**EXERCISE AIM:**
Nothing is needed except the lines below that run from the one with "table_cell This statement deletes" through the one with "table_cell This is a similar", repeated exactly.

**GIVEN DATA:**
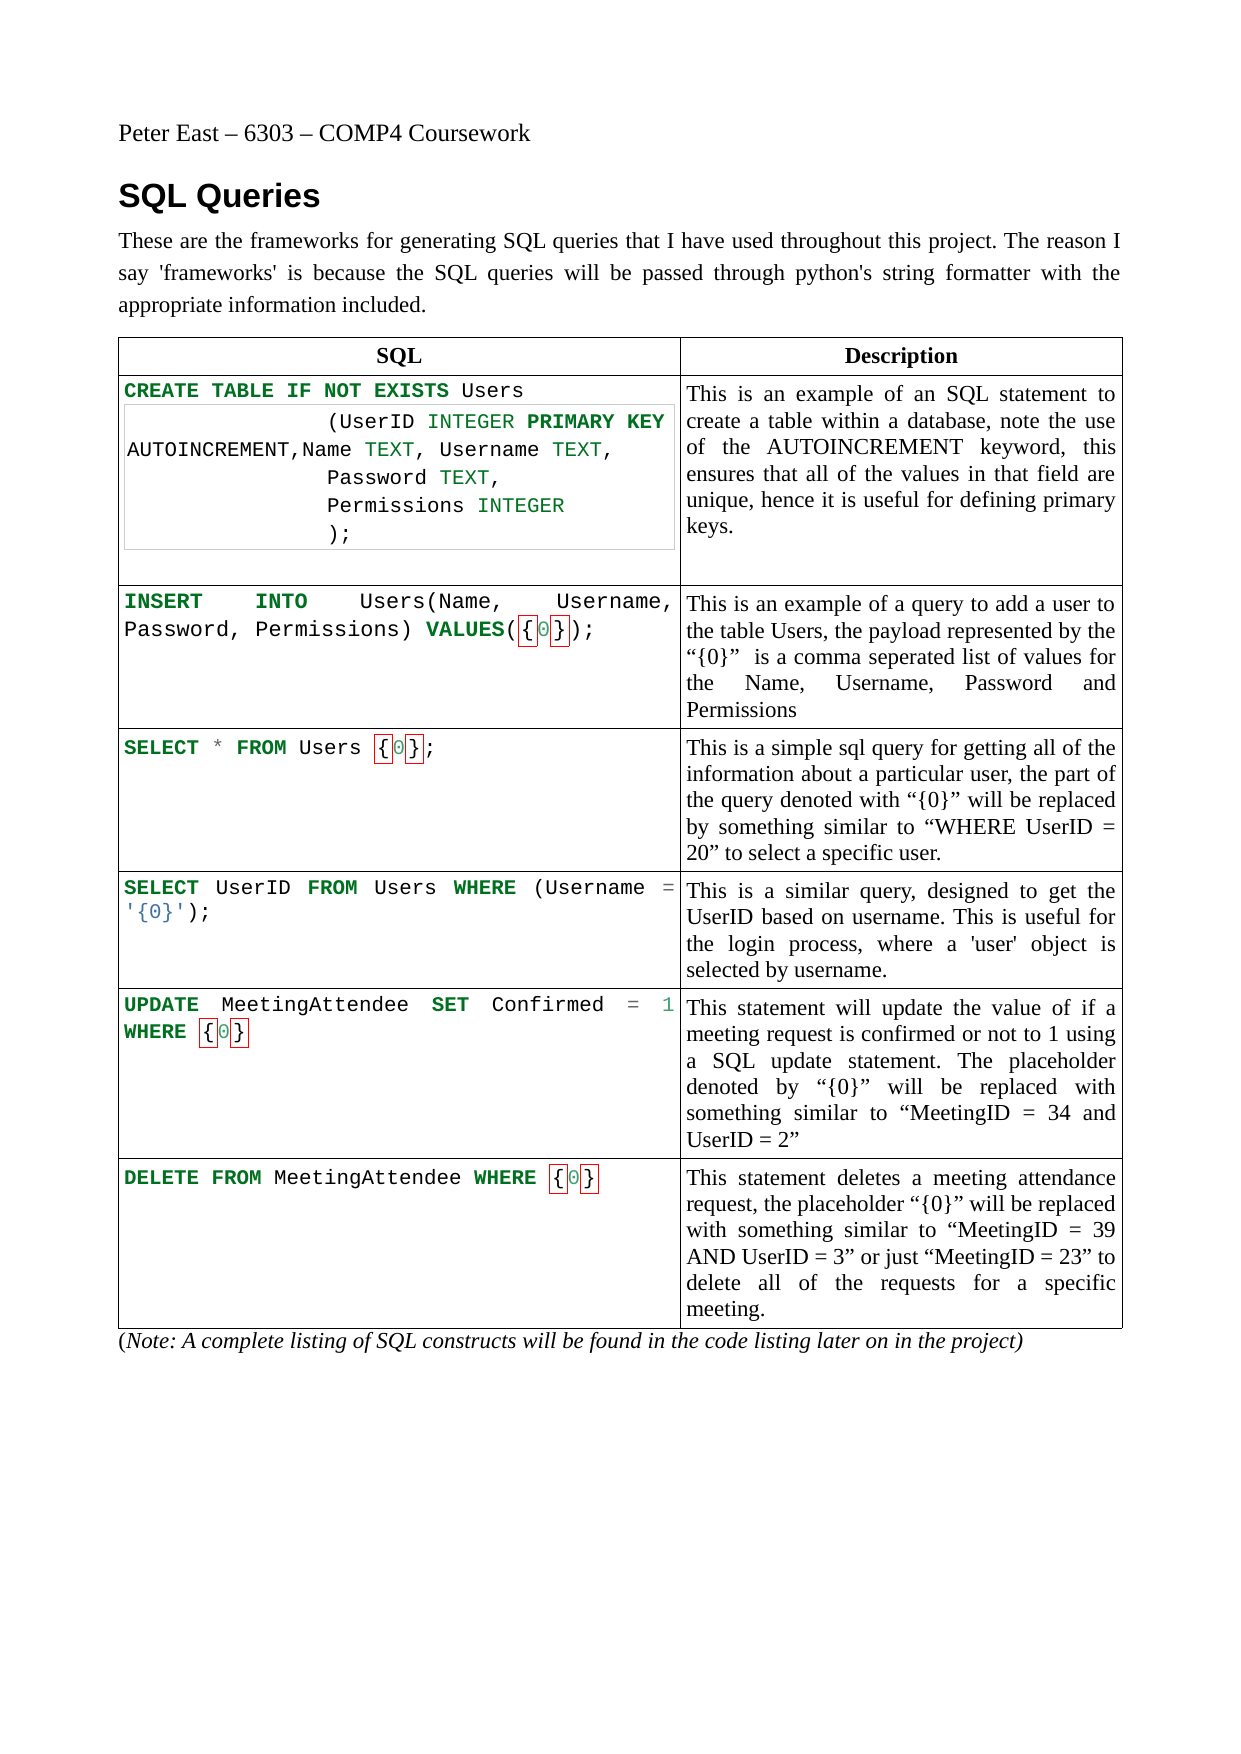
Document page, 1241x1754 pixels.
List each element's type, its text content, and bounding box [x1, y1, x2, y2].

table_cell UPDATE MeetingAttendee SET Confirmed = 1 WHERE {0} [119, 989, 680, 1158]
table_cell SELECT UserID FROM Users WHERE (Username = '{0}'); [119, 872, 680, 988]
table_cell This is a simple sql query for getting all of the information about a particular user, the part of the query denoted with “{0}” will be replaced by something similar to “WHERE UserID = 20” to select a specific user. [681, 729, 1122, 871]
table_cell This is an example of an SQL statement to create a table within a database, note the use of the AUTOINCREMENT keyword, this ensures that all of the values in that field are unique, hence it is useful for defining primary keys. [681, 376, 1122, 584]
table_cell INSERT INTO Users(Name, Username, Password, Permissions) VALUES({0}); [119, 586, 680, 728]
table_cell SELECT * FROM Users {0}; [119, 729, 680, 871]
text (Note: A complete listing of SQL constructs will be found in the code listing later on in the project) [118, 1329, 1122, 1354]
subtitle SQL Queries [118, 176, 1122, 215]
table_cell CREATE TABLE IF NOT EXISTS Users (UserID INTEGER PRIMARY KEY AUTOINCREMENT,Name TEXT, Username TEXT, Password TEXT, Permissions INTEGER ); [119, 376, 680, 584]
table_header Description [681, 338, 1122, 375]
table_cell This statement will update the value of if a meeting request is confirmed or not to 1 using a SQL update statement. The placeholder denoted by “{0}” will be replaced with something similar to “MeetingID = 34 and UserID = 2” [681, 989, 1122, 1158]
table_cell This is an example of a query to add a user to the table Users, the payload represented by the “{0}” is a comma seperated list of values for the Name, Username, Password and Permissions [681, 586, 1122, 728]
table_header SQL [119, 338, 680, 375]
table_cell This statement deletes a meeting attendance request, the placeholder “{0}” will be replaced with something similar to “MeetingID = 39 AND UserID = 3” or just “MeetingID = 23” to delete all of the requests for a specific meeting. [681, 1159, 1122, 1327]
table_cell This is a similar query, designed to get the UserID based on username. This is useful for the login process, where a 'user' object is selected by username. [681, 872, 1122, 988]
text These are the frameworks for generating SQL queries that I have used throughout this project. The reason I say 'frameworks' is because the SQL queries will be passed through python's string formatter with the appropriate information included. [118, 227, 1122, 317]
table_cell DELETE FROM MeetingAttendee WHERE {0} [119, 1159, 680, 1327]
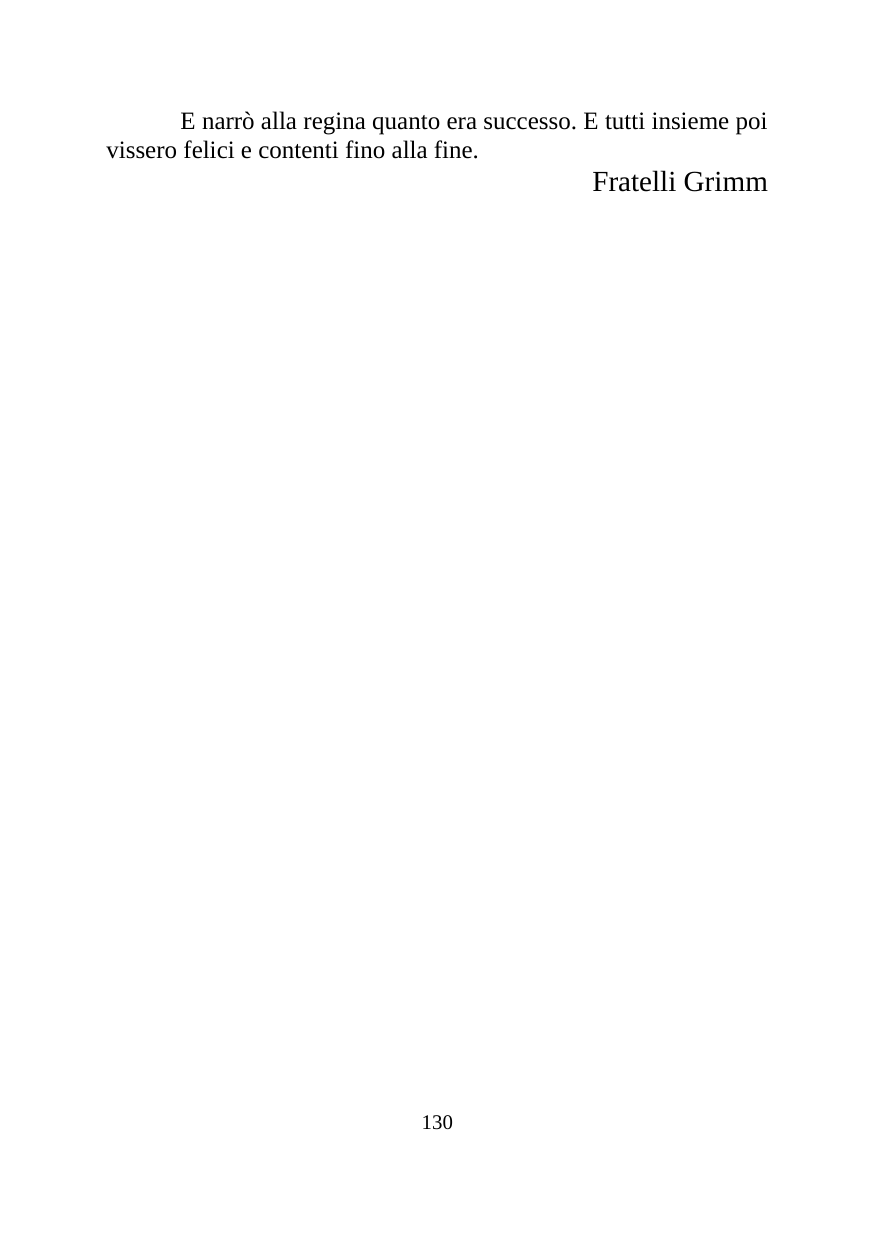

**SOLUTION TO THIS TASK:**
table_cell This statement deletes a meeting attendance request, the placeholder “{0}” will be replaced with something similar to “MeetingID = 39 AND UserID = 3” or just “MeetingID = 23” to delete all of the requests for a specific meeting. [681, 1159, 1122, 1327]
table_cell This is a similar query, designed to get the UserID based on username. This is useful for the login process, where a 'user' object is selected by username. [681, 872, 1122, 988]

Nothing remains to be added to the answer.